■ BRIEF ■
Leaving out the images, reproduce every line of the data that follows exactly.

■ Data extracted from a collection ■
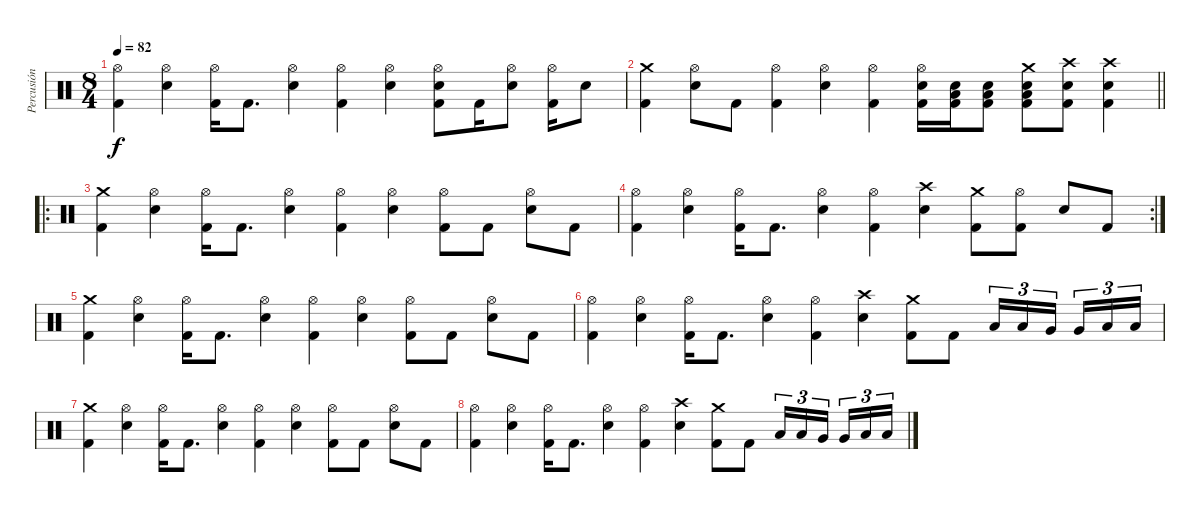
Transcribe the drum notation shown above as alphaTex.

\track ("Percusión" "Percusión") {instrument percussion}
\staff {score}
\articulation defaults
\ts (8 4)
\tempo 82
\clef neutral
\ks c
("Hi-Hat (open)" "Kick (hit) 2").4{dy f} ("Hi-Hat (open)" "Electric Snare (hit)").4 ("Hi-Hat (open)" "Kick (hit) 2").16 "Kick (hit) 2".8{d} ("Hi-Hat (open)" "Electric Snare (hit)").4 ("Hi-Hat (open)" "Kick (hit) 2").4 ("Hi-Hat (open)" "Electric Snare (hit)").4 ("Hi-Hat (open)" "Electric Snare (hit)" "Kick (hit) 2").8 "Kick (hit) 2".16 ("Hi-Hat (open)" "Electric Snare (hit)").8 ("Hi-Hat (open)" "Kick (hit) 2").16 "Electric Snare (hit)".8 |
\barLineRight lightlight
("Crash medium (hit)" "Kick (hit) 2").4 ("Hi-Hat (open)" "Electric Snare (hit)").8 "Kick (hit) 2".8 ("Hi-Hat (open)" "Kick (hit) 2").4 ("Hi-Hat (open)" "Electric Snare (hit)").4 ("Hi-Hat (open)" "Kick (hit) 2").4 ("Hi-Hat (open)" "Electric Snare (hit)" "Kick (hit) 2").16 ("Low Tom (hit)" "Electric Snare (hit)" "Kick (hit) 2").16 ("Low Tom (hit)" "Electric Snare (hit)" "Kick (hit) 2").8 ("Crash medium (hit)" "Low Floor Tom (hit)" "Electric Snare (hit)" "Kick (hit) 2").8 ("Crash high (hit)" "Electric Snare (hit)" "Kick (hit) 2").8 ("Crash high (hit)" "Electric Snare (hit)" "Kick (hit) 2").4 |
\ro
("Crash medium (hit)" "Kick (hit) 2").4 ("Hi-Hat (open)" "Electric Snare (hit)").4 ("Hi-Hat (open)" "Kick (hit) 2").16 "Kick (hit) 2".8{d} ("Hi-Hat (open)" "Electric Snare (hit)").4 ("Hi-Hat (open)" "Kick (hit) 2").4 ("Hi-Hat (open)" "Electric Snare (hit)").4 ("Hi-Hat (open)" "Kick (hit) 2").8 "Kick (hit) 2".8 ("Hi-Hat (open)" "Electric Snare (hit)").8 "Kick (hit) 2".8 |
\rc 2
("Hi-Hat (open)" "Kick (hit) 2").4 ("Hi-Hat (open)" "Electric Snare (hit)").4 ("Hi-Hat (open)" "Kick (hit) 2").16 "Kick (hit) 2".8{d} ("Hi-Hat (open)" "Electric Snare (hit)").4 ("Hi-Hat (open)" "Kick (hit) 2").4 ("Crash high (hit)" "Electric Snare (hit)").4 ("Crash medium (hit)" "Kick (hit) 2").8 ("Hi-Hat (open)" "Kick (hit) 2").8 "Electric Snare (hit)".8 "Kick (hit) 2".8 |
("Crash medium (hit)" "Kick (hit) 2").4 ("Hi-Hat (open)" "Electric Snare (hit)").4 ("Hi-Hat (open)" "Kick (hit) 2").16 "Kick (hit) 2".8{d} ("Hi-Hat (open)" "Electric Snare (hit)").4 ("Hi-Hat (open)" "Kick (hit) 2").4 ("Hi-Hat (open)" "Electric Snare (hit)").4 ("Hi-Hat (open)" "Kick (hit) 2").8 "Kick (hit) 2".8 ("Hi-Hat (open)" "Electric Snare (hit)").8 "Kick (hit) 2".8 |
("Hi-Hat (open)" "Kick (hit) 2").4 ("Hi-Hat (open)" "Electric Snare (hit)").4 ("Hi-Hat (open)" "Kick (hit) 2").16 "Kick (hit) 2".8{d} ("Hi-Hat (open)" "Electric Snare (hit)").4 ("Hi-Hat (open)" "Kick (hit) 2").4 ("Crash high (hit)" "Electric Snare (hit)").4 ("Crash medium (hit)" "Kick (hit) 2").8 "Kick (hit) 2".8 "Low Tom (hit)".16{tu (3 2)} "Low Tom (hit)".16{tu (3 2)} "Very Low Tom (hit)".16{tu (3 2) beam splitsecondary} "Very Low Tom (hit)".16{tu (3 2)} "Low Floor Tom (hit)".16{tu (3 2)} "Low Floor Tom (hit)".16{tu (3 2)} |
("Crash medium (hit)" "Kick (hit) 2").4 ("Hi-Hat (open)" "Electric Snare (hit)").4 ("Hi-Hat (open)" "Kick (hit) 2").16 "Kick (hit) 2".8{d} ("Hi-Hat (open)" "Electric Snare (hit)").4 ("Hi-Hat (open)" "Kick (hit) 2").4 ("Hi-Hat (open)" "Electric Snare (hit)").4 ("Hi-Hat (open)" "Kick (hit) 2").8 "Kick (hit) 2".8 ("Hi-Hat (open)" "Electric Snare (hit)").8 "Kick (hit) 2".8 |
("Hi-Hat (open)" "Kick (hit) 2").4 ("Hi-Hat (open)" "Electric Snare (hit)").4 ("Hi-Hat (open)" "Kick (hit) 2").16 "Kick (hit) 2".8{d} ("Hi-Hat (open)" "Electric Snare (hit)").4 ("Hi-Hat (open)" "Kick (hit) 2").4 ("Crash high (hit)" "Electric Snare (hit)").4 ("Crash medium (hit)" "Kick (hit) 2").8 "Kick (hit) 2".8 "Low Tom (hit)".16{tu (3 2)} "Low Tom (hit)".16{tu (3 2)} "Very Low Tom (hit)".16{tu (3 2) beam splitsecondary} "Very Low Tom (hit)".16{tu (3 2)} "Low Floor Tom (hit)".16{tu (3 2)} "Low Floor Tom (hit)".16{tu (3 2)}

■ EXERCISE RESULT ■
Transcribe the drum notation shown above as alphaTex.

\track ("Percusión" "Percusión") {instrument percussion}
\staff {score}
\articulation defaults
\ts (8 4)
\tempo 82
\clef neutral
\ks c
("Hi-Hat (open)" "Kick (hit) 2").4{dy f} ("Hi-Hat (open)" "Electric Snare (hit)").4 ("Hi-Hat (open)" "Kick (hit) 2").16 "Kick (hit) 2".8{d} ("Hi-Hat (open)" "Electric Snare (hit)").4 ("Hi-Hat (open)" "Kick (hit) 2").4 ("Hi-Hat (open)" "Electric Snare (hit)").4 ("Hi-Hat (open)" "Electric Snare (hit)" "Kick (hit) 2").8 "Kick (hit) 2".16 ("Hi-Hat (open)" "Electric Snare (hit)").8 ("Hi-Hat (open)" "Kick (hit) 2").16 "Electric Snare (hit)".8 |
\barLineRight lightlight
("Crash medium (hit)" "Kick (hit) 2").4 ("Hi-Hat (open)" "Electric Snare (hit)").8 "Kick (hit) 2".8 ("Hi-Hat (open)" "Kick (hit) 2").4 ("Hi-Hat (open)" "Electric Snare (hit)").4 ("Hi-Hat (open)" "Kick (hit) 2").4 ("Hi-Hat (open)" "Electric Snare (hit)" "Kick (hit) 2").16 ("Low Tom (hit)" "Electric Snare (hit)" "Kick (hit) 2").16 ("Low Tom (hit)" "Electric Snare (hit)" "Kick (hit) 2").8 ("Crash medium (hit)" "Low Floor Tom (hit)" "Electric Snare (hit)" "Kick (hit) 2").8 ("Crash high (hit)" "Electric Snare (hit)" "Kick (hit) 2").8 ("Crash high (hit)" "Electric Snare (hit)" "Kick (hit) 2").4 |
\ro
("Crash medium (hit)" "Kick (hit) 2").4 ("Hi-Hat (open)" "Electric Snare (hit)").4 ("Hi-Hat (open)" "Kick (hit) 2").16 "Kick (hit) 2".8{d} ("Hi-Hat (open)" "Electric Snare (hit)").4 ("Hi-Hat (open)" "Kick (hit) 2").4 ("Hi-Hat (open)" "Electric Snare (hit)").4 ("Hi-Hat (open)" "Kick (hit) 2").8 "Kick (hit) 2".8 ("Hi-Hat (open)" "Electric Snare (hit)").8 "Kick (hit) 2".8 |
\rc 2
("Hi-Hat (open)" "Kick (hit) 2").4 ("Hi-Hat (open)" "Electric Snare (hit)").4 ("Hi-Hat (open)" "Kick (hit) 2").16 "Kick (hit) 2".8{d} ("Hi-Hat (open)" "Electric Snare (hit)").4 ("Hi-Hat (open)" "Kick (hit) 2").4 ("Crash high (hit)" "Electric Snare (hit)").4 ("Crash medium (hit)" "Kick (hit) 2").8 ("Hi-Hat (open)" "Kick (hit) 2").8 "Electric Snare (hit)".8 "Kick (hit) 2".8 |
("Crash medium (hit)" "Kick (hit) 2").4 ("Hi-Hat (open)" "Electric Snare (hit)").4 ("Hi-Hat (open)" "Kick (hit) 2").16 "Kick (hit) 2".8{d} ("Hi-Hat (open)" "Electric Snare (hit)").4 ("Hi-Hat (open)" "Kick (hit) 2").4 ("Hi-Hat (open)" "Electric Snare (hit)").4 ("Hi-Hat (open)" "Kick (hit) 2").8 "Kick (hit) 2".8 ("Hi-Hat (open)" "Electric Snare (hit)").8 "Kick (hit) 2".8 |
("Hi-Hat (open)" "Kick (hit) 2").4 ("Hi-Hat (open)" "Electric Snare (hit)").4 ("Hi-Hat (open)" "Kick (hit) 2").16 "Kick (hit) 2".8{d} ("Hi-Hat (open)" "Electric Snare (hit)").4 ("Hi-Hat (open)" "Kick (hit) 2").4 ("Crash high (hit)" "Electric Snare (hit)").4 ("Crash medium (hit)" "Kick (hit) 2").8 "Kick (hit) 2".8 "Low Tom (hit)".16{tu (3 2)} "Low Tom (hit)".16{tu (3 2)} "Very Low Tom (hit)".16{tu (3 2) beam splitsecondary} "Very Low Tom (hit)".16{tu (3 2)} "Low Floor Tom (hit)".16{tu (3 2)} "Low Floor Tom (hit)".16{tu (3 2)} |
("Crash medium (hit)" "Kick (hit) 2").4 ("Hi-Hat (open)" "Electric Snare (hit)").4 ("Hi-Hat (open)" "Kick (hit) 2").16 "Kick (hit) 2".8{d} ("Hi-Hat (open)" "Electric Snare (hit)").4 ("Hi-Hat (open)" "Kick (hit) 2").4 ("Hi-Hat (open)" "Electric Snare (hit)").4 ("Hi-Hat (open)" "Kick (hit) 2").8 "Kick (hit) 2".8 ("Hi-Hat (open)" "Electric Snare (hit)").8 "Kick (hit) 2".8 |
("Hi-Hat (open)" "Kick (hit) 2").4 ("Hi-Hat (open)" "Electric Snare (hit)").4 ("Hi-Hat (open)" "Kick (hit) 2").16 "Kick (hit) 2".8{d} ("Hi-Hat (open)" "Electric Snare (hit)").4 ("Hi-Hat (open)" "Kick (hit) 2").4 ("Crash high (hit)" "Electric Snare (hit)").4 ("Crash medium (hit)" "Kick (hit) 2").8 "Kick (hit) 2".8 "Low Tom (hit)".16{tu (3 2)} "Low Tom (hit)".16{tu (3 2)} "Very Low Tom (hit)".16{tu (3 2) beam splitsecondary} "Very Low Tom (hit)".16{tu (3 2)} "Low Floor Tom (hit)".16{tu (3 2)} "Low Floor Tom (hit)".16{tu (3 2)}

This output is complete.